Captain America: The Winter Soldier features a surprisingly large number of Cap’s comic book associates among its cast, some of which you’re already aware of and others whose presence is a pretty big surprise. But that’s entirely appropriate, considering that Steve Rogers happens to have one of the most eclectic assortment of friends and enemies in the Marvel Universe. Here are 10 such folks I’d enjoy seeing crop up in the (already greenlit) third installment.
Click on, dear reader, for the roll call:
Diamondback
Captain America has the appearance and physique of a perfectly fit/healthy man in his mid-20s… and the mind/personality of Somebody’s Cool Dad.
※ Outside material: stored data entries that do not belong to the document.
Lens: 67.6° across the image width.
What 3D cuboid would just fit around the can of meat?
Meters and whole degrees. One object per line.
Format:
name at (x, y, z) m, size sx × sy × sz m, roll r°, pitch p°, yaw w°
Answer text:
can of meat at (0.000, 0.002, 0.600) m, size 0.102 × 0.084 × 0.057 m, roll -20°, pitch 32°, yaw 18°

That means Cap cleans up when it comes to all of the “chicks with issues” that inhabit the Marvel Universe. Classic example: Rachel Leighton, aka Diamondback. A member of The Serpent Society (they all have snake nicknames, that’s kind of it) she falls for Steve Rogers at first sight and becomes and on/off ally/love-interest, eventually departing the Society to form B.A.D. Girls Inc.
William Burnside aka 50s Cap
Alright, this is a little bit complicated.
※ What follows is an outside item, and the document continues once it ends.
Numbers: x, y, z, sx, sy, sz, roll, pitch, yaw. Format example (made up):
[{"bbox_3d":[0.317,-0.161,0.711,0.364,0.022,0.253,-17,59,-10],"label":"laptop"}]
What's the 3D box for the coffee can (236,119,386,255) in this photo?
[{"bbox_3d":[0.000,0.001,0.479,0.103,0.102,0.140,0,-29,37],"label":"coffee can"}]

So, that whole thing where Captain America never actually saw the end of WWII because he was frozen and unthawed in (our) recent present? That was an early example of a Mighty Marvel Retcon. Originally, Marvel (at this point still called “Atlas”) just kept on publishing Cap and Bucky’s adventures after the war; rebranding him Captain America: Commie Smasher and switching his goals from beating back The Nazis to rooting out The Red Menace at home. Somehow, Cap just wasn’t as likable or compelling when he was pounding on “un-American” domestic traitors. Plus, the comics market changed tumultuously in the 50s and any superhero who wasn’t named Batman, Superman or Wonder Woman vanished for about a decade. When Stan Lee and Jack Kirby decided to bring Steve Rogers back in the mid-60s, the new frozen-in-ice backstory was added to let them ignore the Commie Smasher era entirely.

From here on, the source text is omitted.